AMARI Cohort 2 doctoral fellow from Zimbabwe, Jermaine Dambi noted that the ASM provided the fellows an invaluable platform for networking with experts in global mental health. “The annual scientific meeting offered us early-career researchers priceless networking opportunities with seasoned leaders in global mental health”, said Dambi.

Natasha Chilambo an MSc in Leadership and Development scholar affiliated with the African Leadership Centre, School of Global Affairs at King’s College London found the ASM valuable and inspiring. She said; “As a medical student interested in a career in psychiatry, and currently undertaking an MSc in Leadership & Development, it seemed that ASM 3 was tailor-made to suit my interests. The conference had an urgency to it: a collective question seeking to uncover the ways in which the research being undertaken by the fellows can be translated back into communities. Professor ‘Funmi Olonisakin aptly captured this sentiment in saying that ‘research for the sake of research is interesting, but in Africa research must be connected to solving a problem.’

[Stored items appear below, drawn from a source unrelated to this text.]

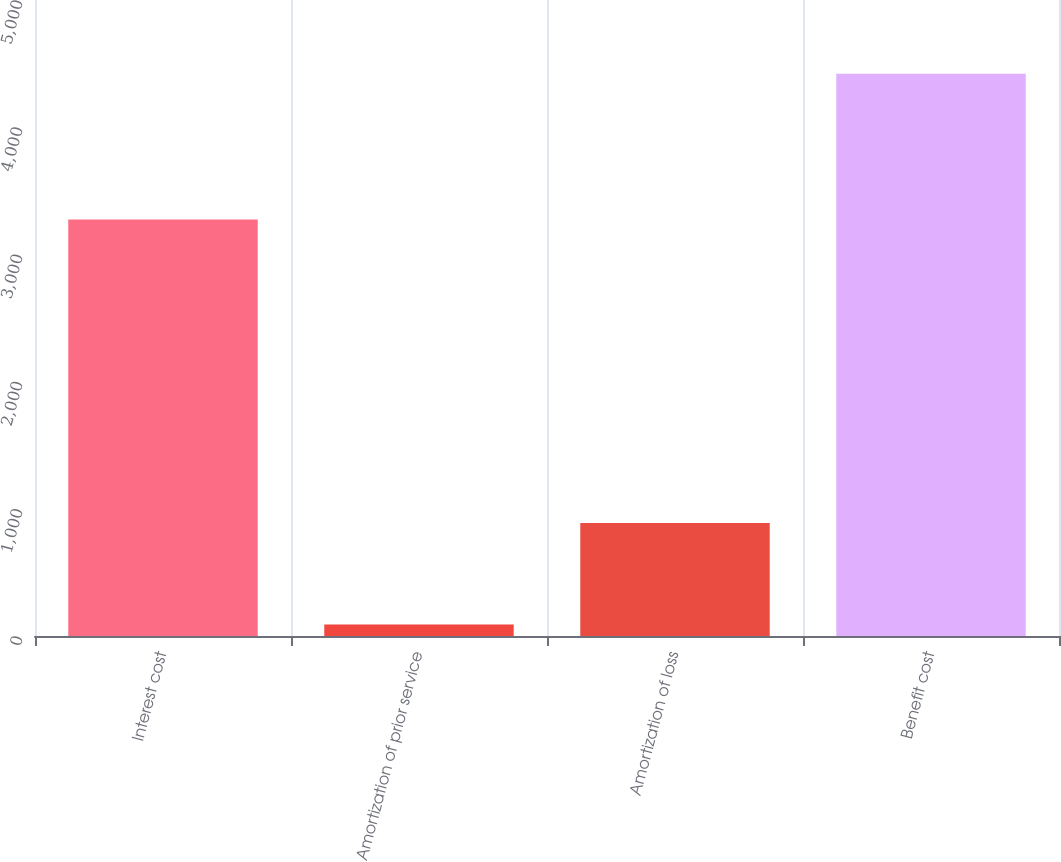<chart> <loc_0><loc_0><loc_500><loc_500><bar_chart><fcel>Interest cost<fcel>Amortization of prior service<fcel>Amortization of loss<fcel>Benefit cost<nl><fcel>3274<fcel>91<fcel>888<fcel>4420<nl></chart> 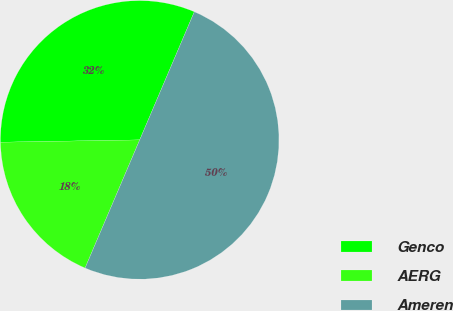<chart> <loc_0><loc_0><loc_500><loc_500><pie_chart><fcel>Genco<fcel>AERG<fcel>Ameren<nl><fcel>31.68%<fcel>18.32%<fcel>50.0%<nl></chart> 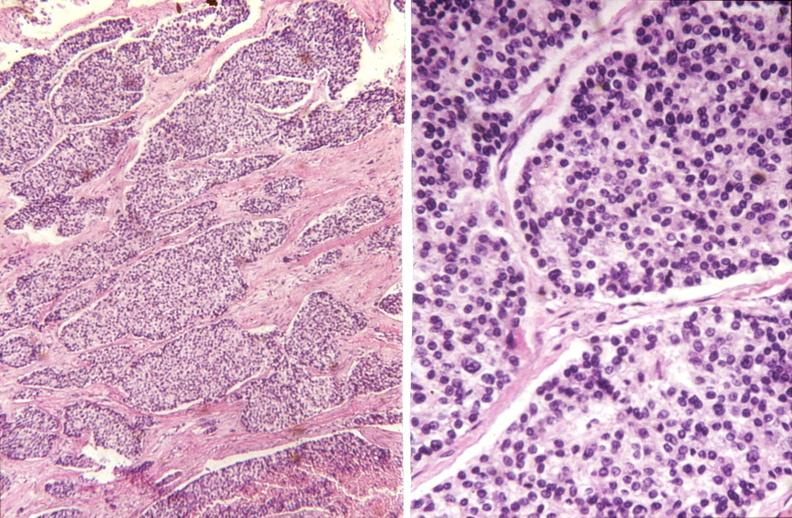s endocrine present?
Answer the question using a single word or phrase. Yes

I am pleased and left inspired that various presentations, and the conversations I had with the fellows, delegates and the DELTAS Program Manager contained this thirst to discover and master how the research being carried out can be married to policy across the continent in order that mental health is prioritized.”

One of the major highlights of the conference was the first screening of AMARI’s ARTICULATE documentary, a mental health film that captured various works of selected AMARI fellows in their engagements with communities as part of their research in efforts to tell the African mental health story as part of efforts to have mental health prioritized by African Governments.